I read a few #nurture1314 posts last year, and I’ve read a few #nurture1415 posts this year. I apologise for not having read more, and I have no right to expect that anyone will read this; but for those that do, as per >this< post by @ChocoTzar, here are my five positives from 2014, and my five hopes for 2015 (and, along the way, the reasons why I haven’t read more posts).
Positives from 2014
- My wife and I celebrated our seventh wedding anniversary. When 42% of UK marriages end in divorce, I remain a man with a hinterland. I don’t need to explain this point. do I?
- My middle son started full-time education and, like for his older brother, I was there to take him to school on his first day. His first few weeks were difficult – my wife actually started to dread going to school, in a “What’s he done today?” sort of way. Having an August birthday, he’s the youngest in his class, and I think (despite having had no problems with two days a week at nursery for the past couple of years) he suffered from a bit of separation anxiety. However, at his teacher’s suggestion, he’s started taking his teddy to school with him, and that genuinely seems to have made a world of difference, to the extent that his teacher told us that he was the best behaved at their Christmas party.
- I continue, as per Dylan Wiliam’s exhortation, to work at improving as a teacher. I feel more confident than ever at explaining, modelling, questioning, using summative and formative assessment, giving effective feedback, and generally finding that balance between teaching content and teaching the skills that make use of that content. My GCSE results this year were the best ever for one of my classes – I’m obviously doing something right.
- I remain part of the school’s research and development team, working with two colleagues to research Growth Mindset and how it can be implemented and embedded across the school. Most of my recent posts reflect this research. Our contracts were extended through to the end of this school year; as part of which, I have co-presented my first ever whole-school INSET session. Having spent four years (2003-2007) completing a PhD, it’s fair to say that I’ve well and truly got the research bug again.
- I have also, as of this month, become the de facto Subject Leader for GCSE Leisure and Tourism. I say ‘de facto’ – although my brief was to develop guidance materials for staff (and students) completing controlled assessments, I was also very quickly given the responsibility of organising a field trip for January so, until anybody tells me any differently, I can now claim to be a Head of Department. This has made me think about the kind of leader that I hope to be which, in turn, led me to discover >this< TED Talk by Simon Sinek on the difference between authority and leadership. I’ve also read his book, Leaders Eat Last. This has very quickly become something of a mantra for me, and will be central to everything that I do in 2015.
Hopes for 2015
- Spend more time with my family. At present, I leave the house before anybody else is awake, and get home somewhere between 5pm and 5:30pm. My children go to bed at 7pm – that means I see them for about an hour and a half per day during the week. In addition, I’ve worked every day this holiday, with the exception of Christmas Day and Boxing Day. To be fair, I’ve been working on contributing schemes of work to a new KS3 curriculum as part of my planning allocation, and on developing the aforementioned guidance materials for staff involved in teaching the GCSE Leisure and Tourism course, which are one-off jobs that will only need minor improvements in future years, but still… I’d like to be able to watch my children grow up without it being over the top of a laptop screen.
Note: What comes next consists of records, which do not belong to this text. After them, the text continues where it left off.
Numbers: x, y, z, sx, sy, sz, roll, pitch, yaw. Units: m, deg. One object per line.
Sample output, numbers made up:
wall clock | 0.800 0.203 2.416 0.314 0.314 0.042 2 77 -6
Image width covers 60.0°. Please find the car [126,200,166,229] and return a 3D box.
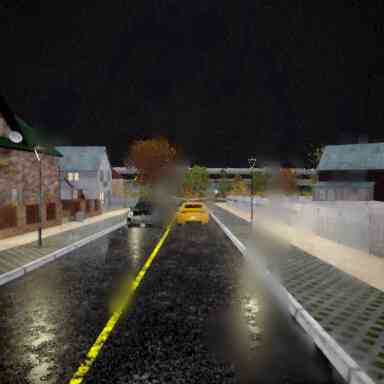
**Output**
car | -2.847 1.340 21.527 2.097 1.767 4.553 0 0 0

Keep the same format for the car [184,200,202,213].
car | 0.097 1.590 38.662 1.895 1.301 4.718 0 0 0

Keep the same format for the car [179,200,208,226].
car | 0.098 1.466 23.054 1.882 1.535 5.008 0 -1 0

- Move house. We’ll be staying in the same town (Newark-on-Trent, in case you’re interested), because house prices are lower than where my parents-in-law live (Midlothian, in case you’re still interested); but, having lived in the same house for over 30 years (my mum died in 1987, and my dad died in 2004, so my sister and I inherited our house; my wife then bought my sister’s share and moved in with me, while my sister moved out with her now-husband), I’m still a little bit daunted by the logistics of it all.
- Become a Chartered Geography Teacher. I’ve had the idea to become a CGeog (Teacher) for a couple of years now, but I wrote it into this year’s PIP and I have written about half of the Professional Self Evaluation Report that is required as part of the application process. Early next year, I’ll need to contact the RGS-IBG to give me a bit of guidance on the application process. (Obviously, I’ll also see if any of the #geographyteacher Twitter community can offer any advice!) Once accredited, I will need to demonstrate a commitment to subject-specific CPD, which might just be the impetus I need to finally attend the Geographical Association Annual Conference in April, which I’ve not done before, despite being a Geography teacher for 8 years.
- I’ve started writing up my research and development work as a book, provisionally entitled Growth Mindset Teaching. It’s only 3,500 words long at present, I’d like to have finished a first draft of it by the end of 2015.
- My dream is to be a professional writer. Increasingly, I realise that the combination of working as a teacher and being married with three children is not especially conducive to writing in your spare time. However, I do have somewhere in the region of 15,000 words of a novel on my external hard drive, and my much of what I’ve read and watched this year has been chosen because it has something in common with what I hope the finished novel will be like, and has therefore helped me to plan the rest of the novel in my mind. It won’t be finished by the end of 2015, but I’d like one of next year’s Nurture hopes to be to finish it by the end of 2016.